II has both Deerhurst Resort (DHI) and Deerhurst Residence (DEE).  What is the difference?  II has a week at DEE I want to go.  Can DEE residents use the facilities of the resort?

Muskoka is selected as the 10 best summer travel and I have never been there in the summer.  Is the second week in June to call it summer in muskoka?

I won't forgive myself for asking these questions after living in Toronto for 25 years.


----------



## caribbeansun (Oct 4, 2011)

I don't know the difference between the two resorts but June is black fly season and it wouldn't likely be overly warm, particularly earlier in the month.


----------



## Travelclam (Oct 4, 2011)

So when does black fly season end in the summer? or when exactly is the black fly season so as to avoid it if possible?  we would be interested in vacationing in that area sometime in the future and it would be good to know.

Bern


----------



## caribbeansun (Oct 5, 2011)

Late May into late June


----------



## Eli Mairs (Oct 7, 2011)

PeelBoy said:


> II has both Deerhurst Resort (DHI) and Deerhurst Residence (DEE).  What is the difference?  II has a week at DEE I want to go.  Can DEE residents use the facilities of the resort?




Here is the difference:

DHI is the timeshare section. There are two buildings, with twenty units in total.
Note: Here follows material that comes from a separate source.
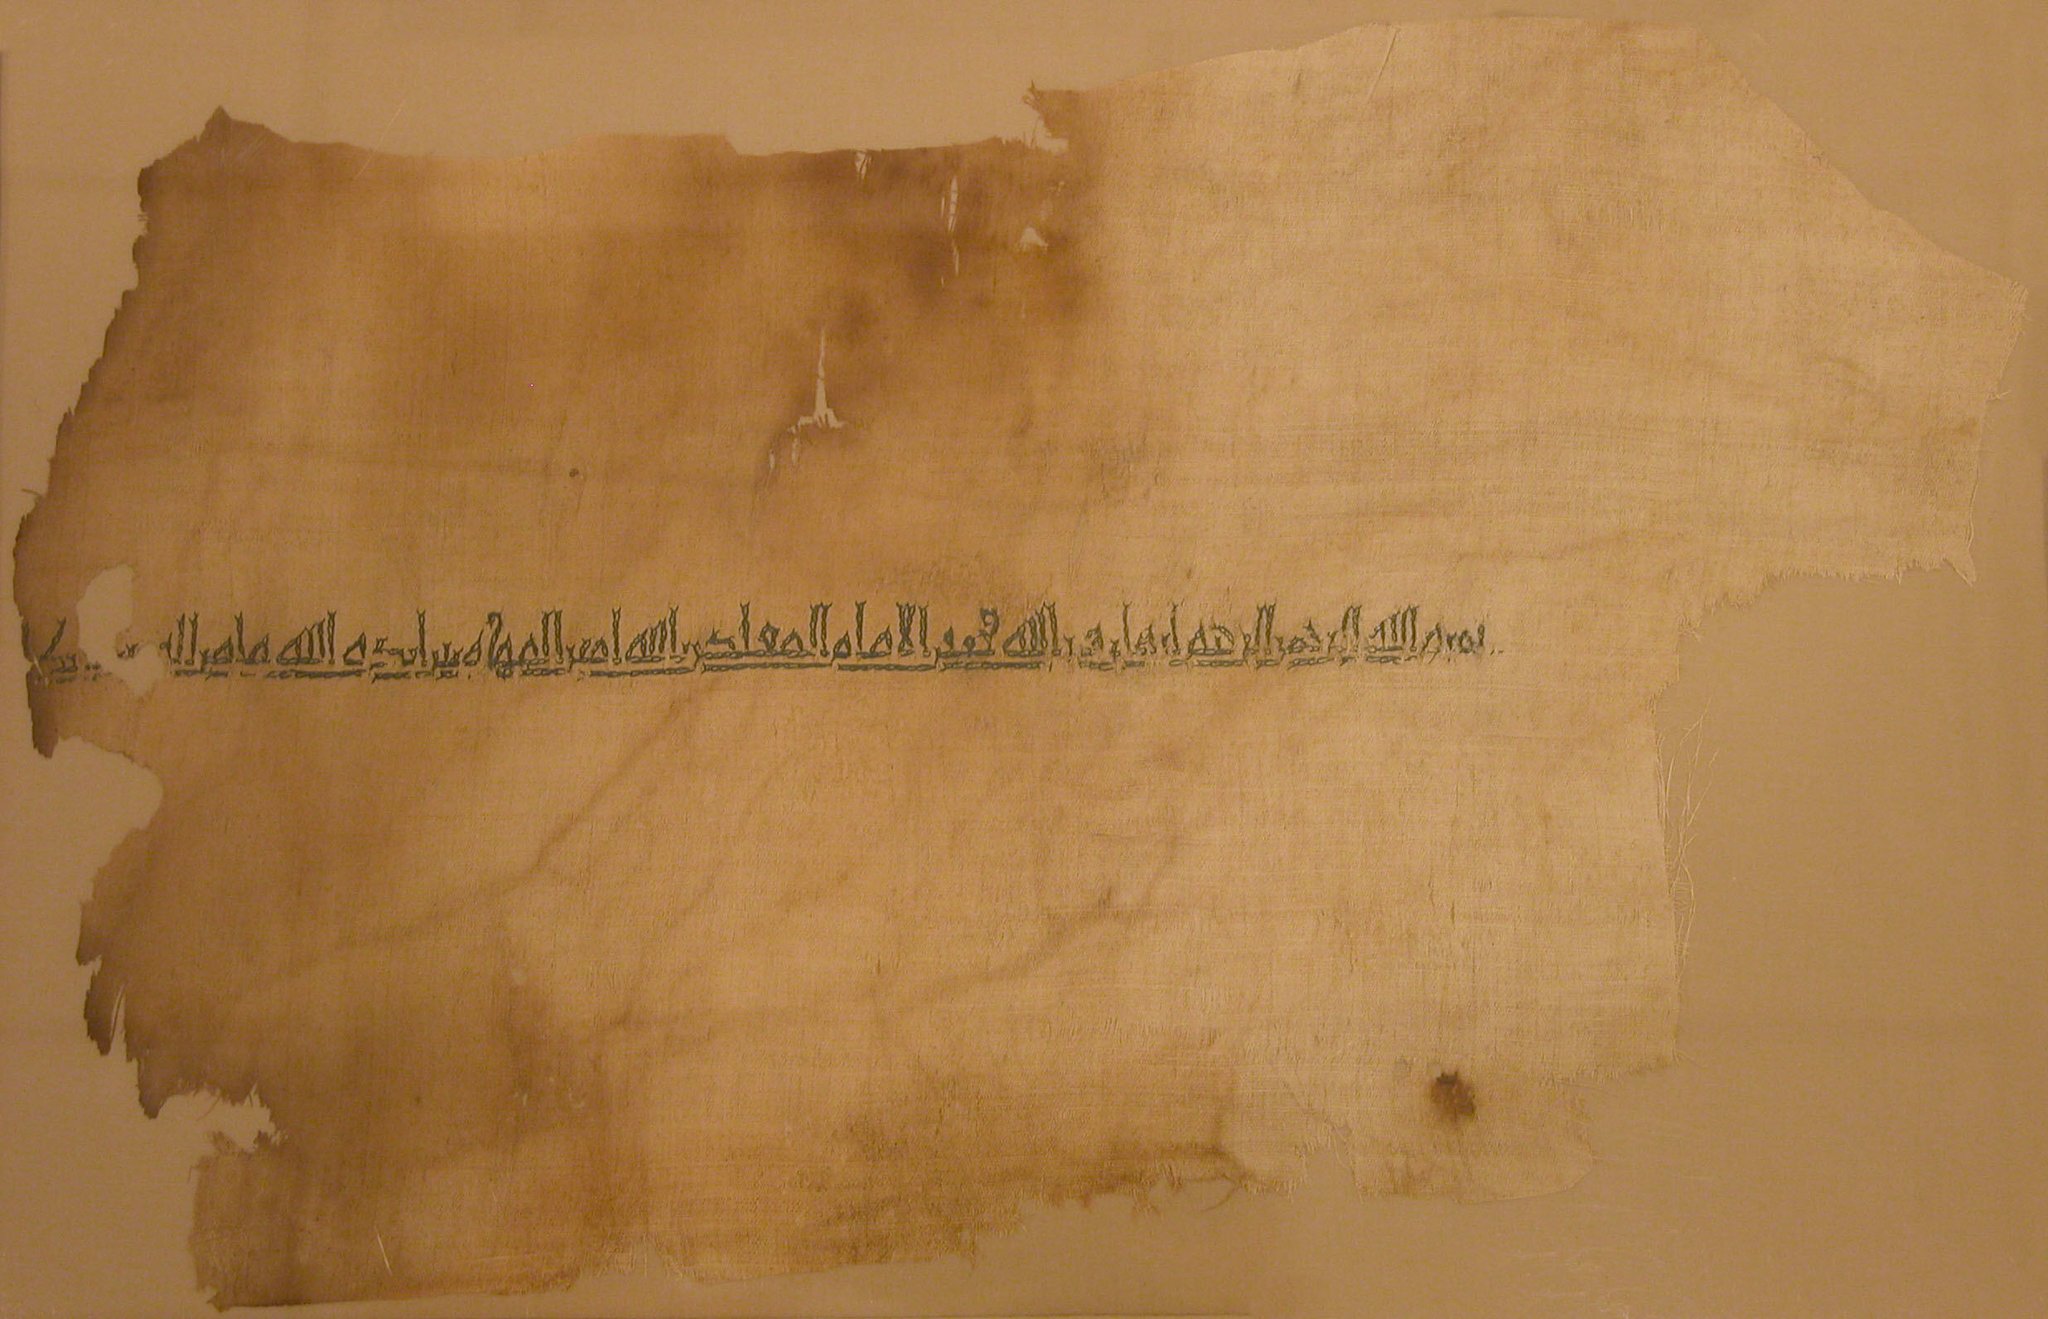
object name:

DEE is comprised of privately owned condos, where owners have the option of joining II and trading some of their weeks.

DEE is not five star, as there is no quality control. I would be reluctant to book one of these units, unless you just want to experience the resort and are not too concerned with the quality of the accommodation.
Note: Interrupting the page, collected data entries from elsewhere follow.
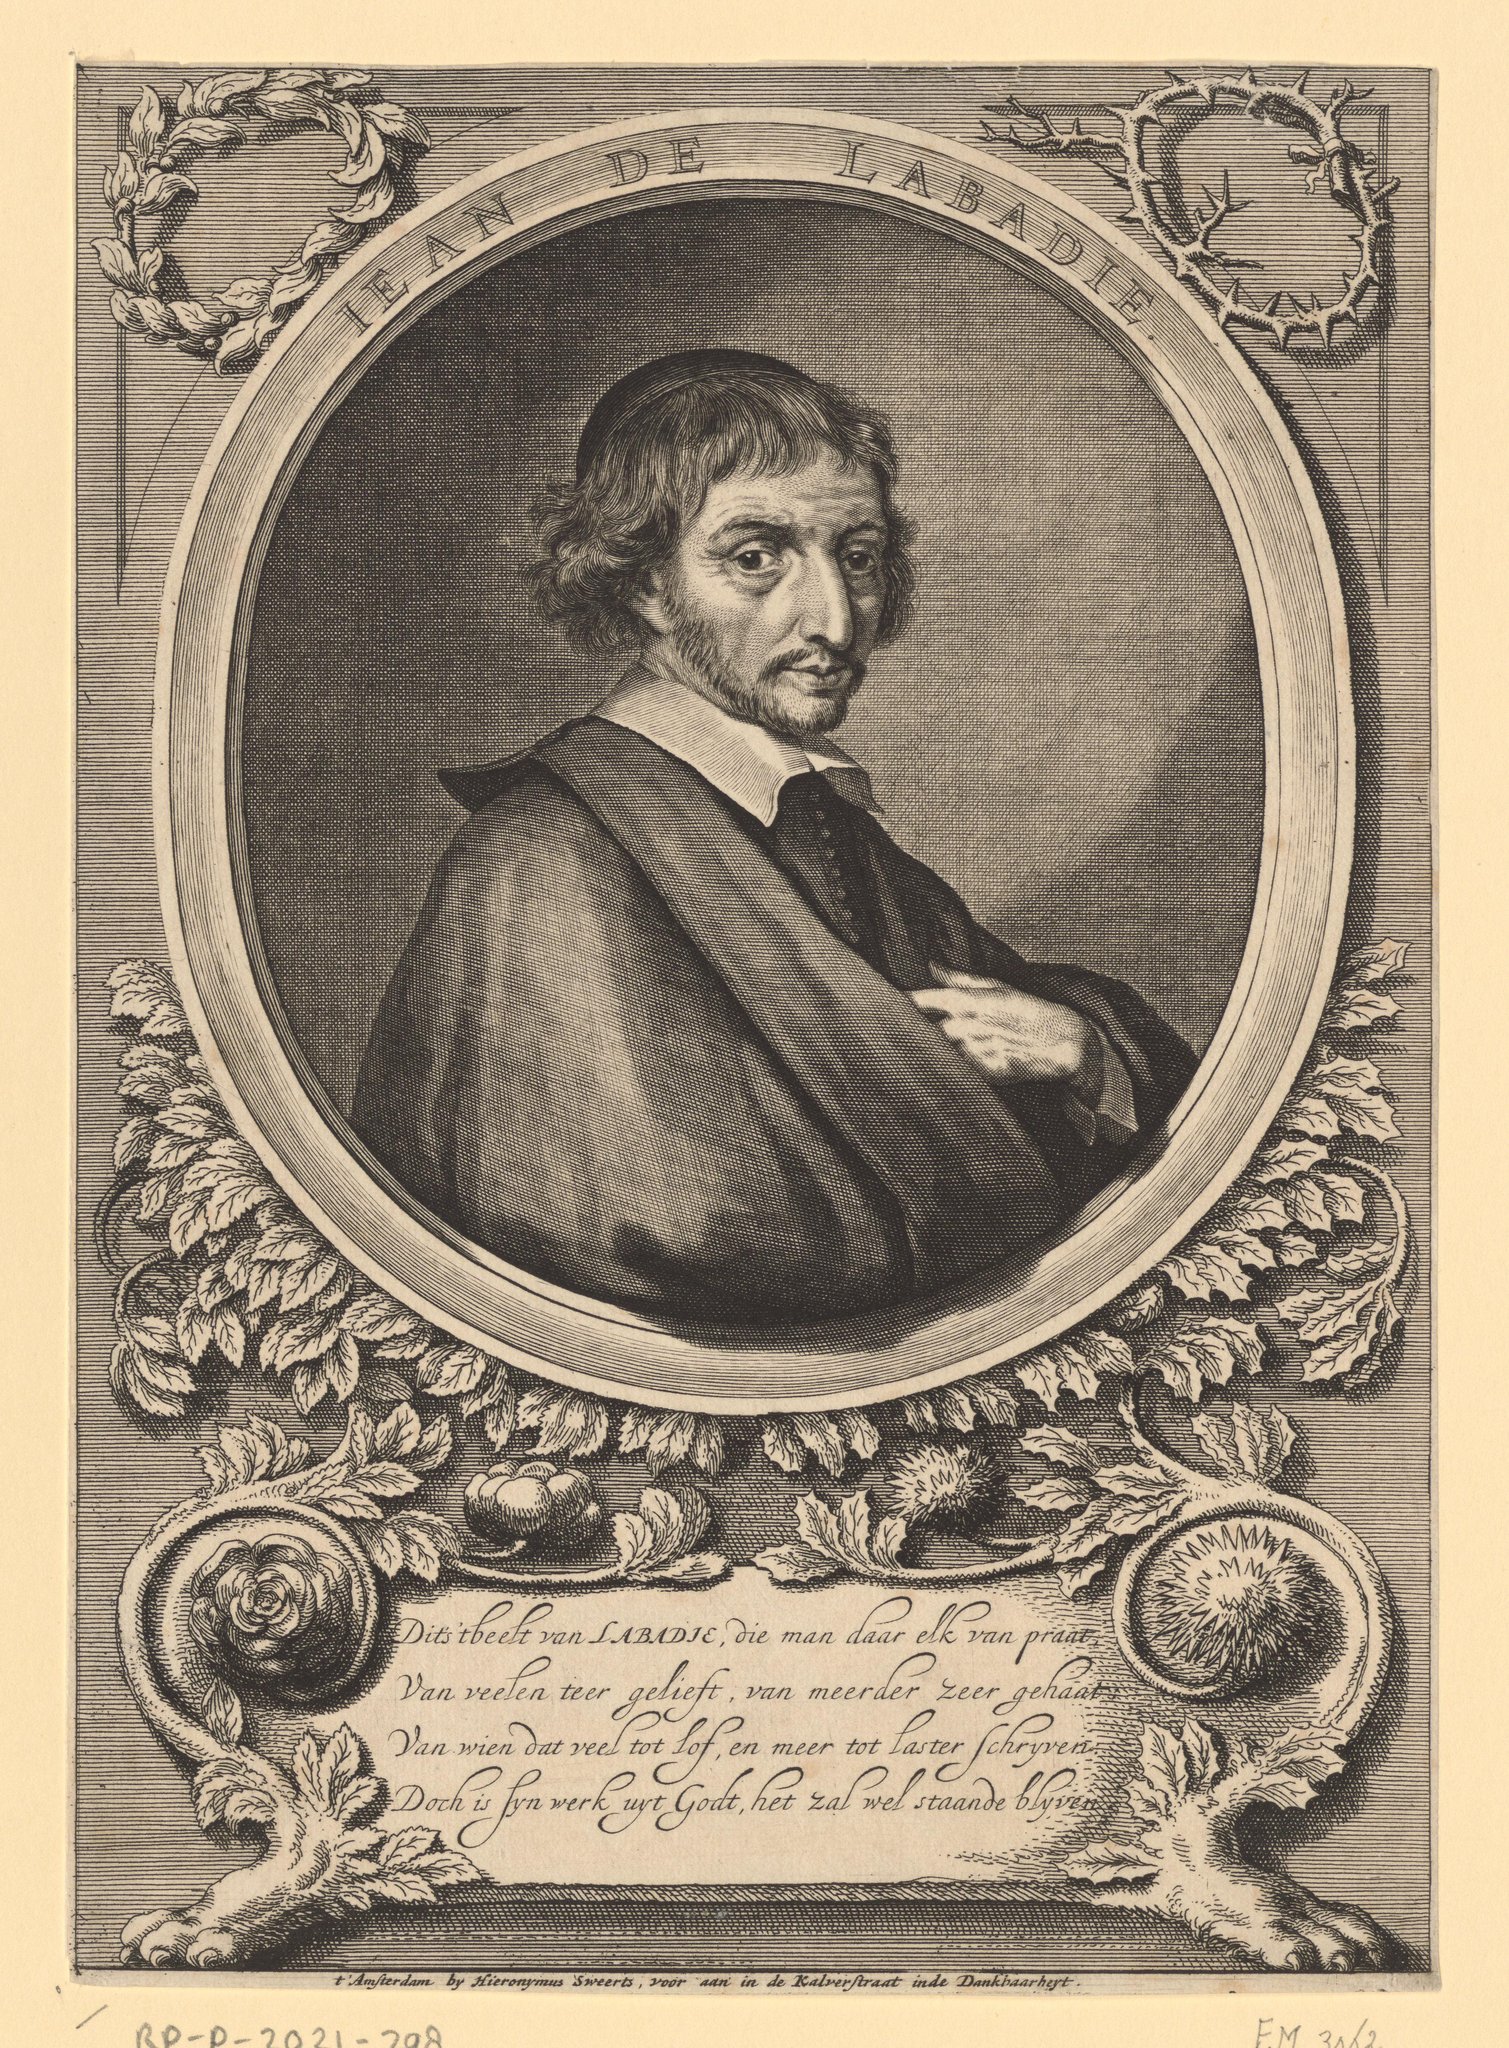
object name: print
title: Portret van Jean de Labadie
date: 1665-1696
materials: paper
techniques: engraving, etching
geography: amsterdam
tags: historical persons, crown of thorns ~ instruments of the passion, flowers: rose, plants and herbs: thistle
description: Rond het portret een ornamentele omlijsting met in de linkerbovenhoek een lauwerkrans en in de rechterbovenhoek een doornenkroon. Linksonder een roos en rechtsonder een distel met daartussen een cartouche met vierregelig vers in het Nederlands.

Yes, DEE residents have full use of all the facilities at the resort.

We own a two bedroom DHI unit, week 23, which is usually the second week of June. We have never had a problem with black flies. The weather can be iffy, like Toronto in early June, but this year it was warm and sunny.


----------



## Maple_Leaf (Oct 8, 2011)

*Just ask the Royal Canadian Dragoons*

They guarded the G8 Summit in June 2010.  Here's what Sgt. Chris LeBlanc had to say about black flies at Deerhurst on June 22, 2010:

And as for the black flies?

“Pretty bad. They take a few hunks out of you,” said LeBlanc as the rain pounded down, making the mosquito breeding grounds even better just in time for the likes of U.S. President Barrack Obama to arrive.

http://www.thestar.com/mobile/NEWS/article/827138

Frankly, I recommend Deerhurst effective July 1.


----------



## PeelBoy (Apr 16, 2012)

Thanks folks.  Finally, with my patience waiting for months, I finally saw a week DHI one bedroom with kitchen for the first week in October, which usually is the peak of fall colour.  Diamonds points required reflects a low season for the best of the best.  I am very pleased.


----------



## Kola (Apr 19, 2012)

Maple_Leaf said:


> They guarded the G8 Summit in June 2010.  Here's what Sgt. Chris LeBlanc had to say about black flies at Deerhurst on June 22, 2010:
> 
> And as for the black flies?
> 
> ...



Oh, but that Sgt Chris was under strict orders NOT to mention that all Ontario mosquito breeders have been paid generous bonuses to quadrupple their black flies population just prior to the arrival of Obama and other VIPs !

Who wants to be at the resort with all the presidents, prime ministers and associated dignitaries ?  NOT me ! :rofl:


----------